I sighed into the phone. “My mother texted me again.”
The other end of the line was silent. But before I could ask if she was still there, she asked, “Have you ever considered hearing what she has to say?”
I tensed my jaw, taking a long, deep breath. “No.” The truth was, I didn’t know if Eileen really deserved it. It was always the same thing every time.
“I know it’s not what you want to hear, but maybe you should?” Her suggestion sounded more like a question.
“You’re right.” I huffed, almost regretting telling her about my mother’s illness. “It’s not what I want to hear.”

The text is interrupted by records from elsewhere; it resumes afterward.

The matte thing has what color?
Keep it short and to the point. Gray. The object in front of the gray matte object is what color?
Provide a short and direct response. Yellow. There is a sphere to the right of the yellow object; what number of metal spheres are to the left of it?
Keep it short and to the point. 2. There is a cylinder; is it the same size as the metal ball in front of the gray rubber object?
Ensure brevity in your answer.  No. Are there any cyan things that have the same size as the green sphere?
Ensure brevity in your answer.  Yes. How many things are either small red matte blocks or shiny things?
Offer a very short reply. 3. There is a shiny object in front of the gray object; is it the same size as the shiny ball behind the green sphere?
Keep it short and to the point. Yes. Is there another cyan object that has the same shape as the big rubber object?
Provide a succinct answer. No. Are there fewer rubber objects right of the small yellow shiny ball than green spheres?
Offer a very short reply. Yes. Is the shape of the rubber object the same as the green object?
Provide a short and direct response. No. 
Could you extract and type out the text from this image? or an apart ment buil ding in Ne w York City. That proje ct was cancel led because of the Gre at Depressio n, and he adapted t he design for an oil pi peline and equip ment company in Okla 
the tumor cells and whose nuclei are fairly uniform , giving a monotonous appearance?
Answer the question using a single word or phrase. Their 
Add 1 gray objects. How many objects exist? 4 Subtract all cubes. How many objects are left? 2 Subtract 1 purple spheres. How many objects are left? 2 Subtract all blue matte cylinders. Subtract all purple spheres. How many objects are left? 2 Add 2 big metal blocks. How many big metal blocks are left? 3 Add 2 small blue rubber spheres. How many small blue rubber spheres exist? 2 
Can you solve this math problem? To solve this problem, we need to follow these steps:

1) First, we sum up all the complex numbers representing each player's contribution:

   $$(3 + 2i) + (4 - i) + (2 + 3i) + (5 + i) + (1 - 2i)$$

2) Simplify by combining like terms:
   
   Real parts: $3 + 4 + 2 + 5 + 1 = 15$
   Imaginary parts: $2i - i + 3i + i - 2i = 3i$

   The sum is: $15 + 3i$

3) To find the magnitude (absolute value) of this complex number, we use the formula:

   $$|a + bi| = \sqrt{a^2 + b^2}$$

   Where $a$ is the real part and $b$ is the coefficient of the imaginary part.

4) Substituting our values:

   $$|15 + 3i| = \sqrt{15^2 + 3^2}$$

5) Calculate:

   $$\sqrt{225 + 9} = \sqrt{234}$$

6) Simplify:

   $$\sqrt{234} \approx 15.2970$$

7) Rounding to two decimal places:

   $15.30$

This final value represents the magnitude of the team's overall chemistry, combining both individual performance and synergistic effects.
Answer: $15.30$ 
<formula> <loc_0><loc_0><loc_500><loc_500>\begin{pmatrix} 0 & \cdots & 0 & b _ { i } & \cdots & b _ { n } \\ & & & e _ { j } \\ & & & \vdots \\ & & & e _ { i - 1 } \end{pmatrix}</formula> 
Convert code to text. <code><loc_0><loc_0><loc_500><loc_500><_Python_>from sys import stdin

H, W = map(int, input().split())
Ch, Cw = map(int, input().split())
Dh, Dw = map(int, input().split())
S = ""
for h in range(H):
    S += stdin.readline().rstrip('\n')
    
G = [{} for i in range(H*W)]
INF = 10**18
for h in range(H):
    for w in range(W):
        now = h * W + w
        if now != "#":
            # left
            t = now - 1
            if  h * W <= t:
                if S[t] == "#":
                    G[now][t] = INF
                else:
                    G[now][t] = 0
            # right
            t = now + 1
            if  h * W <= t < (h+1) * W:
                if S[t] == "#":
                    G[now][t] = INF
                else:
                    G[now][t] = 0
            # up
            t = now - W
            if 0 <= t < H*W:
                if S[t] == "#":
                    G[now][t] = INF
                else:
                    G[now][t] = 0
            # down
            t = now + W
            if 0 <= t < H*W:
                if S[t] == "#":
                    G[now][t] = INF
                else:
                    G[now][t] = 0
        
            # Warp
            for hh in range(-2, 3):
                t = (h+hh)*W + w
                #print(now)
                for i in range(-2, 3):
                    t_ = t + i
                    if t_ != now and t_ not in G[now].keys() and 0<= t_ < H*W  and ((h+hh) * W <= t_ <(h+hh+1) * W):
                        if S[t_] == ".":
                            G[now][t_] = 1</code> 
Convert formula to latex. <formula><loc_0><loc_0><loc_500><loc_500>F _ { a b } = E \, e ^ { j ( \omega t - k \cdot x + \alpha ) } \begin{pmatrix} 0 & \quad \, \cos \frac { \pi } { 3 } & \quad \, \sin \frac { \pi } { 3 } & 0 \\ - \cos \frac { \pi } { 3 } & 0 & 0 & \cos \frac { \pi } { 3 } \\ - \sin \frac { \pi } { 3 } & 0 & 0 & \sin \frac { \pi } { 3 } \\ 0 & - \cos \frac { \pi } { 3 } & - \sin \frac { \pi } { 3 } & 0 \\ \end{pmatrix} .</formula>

I could imagine what she looked like. She was probably biting her lip, one arm crossed over her body resting on her waist as she thought about how to respond. I’d seen it before when she was nervous and didn’t know what to say.
“What if she’s getting sober?”
The thought had crossed my mind. But it always ended in the same reality: Eileen Lawson couldn’t get sober. Kacey and Ryker had been trying to get her into a program for the last three years. And even if she went, she always relapsed. She never lasted more than two weeks sober.
“I just don’t believe that, Isa.” It pained me to say it, but my mother wasn’t like Colter. She didn’t want to get better. It felt like we had done everything we possibly could to help her, but she wouldn’t accept it. I spent the better half of my childhood trying to get her to stop drinking. To talk some sense into her, make her see that we— I was struggling.
A sigh I probably wasn’t supposed to hear came from Isa. “I can’t pretend to understand what you’ve been through. Or what your siblings are still going through. I just want you to know you can talk to me about it. I’m not judging you or your mom.”
“I know.” I should have been happy she was there for me, was someone I could talk to. But I wasn’t, not really.
I could handle Eileen on my own; I didn’t need someone to help me with that. I’d been taking care of myself for the past fifteen years. I didn’t need anyone to take care of me when I was twelve, and I didn’t need anyone to take care of me now. Besides, knowing the full scope of my problems would only bring Isa down with me.
I didn’t need to be the one to dim her light.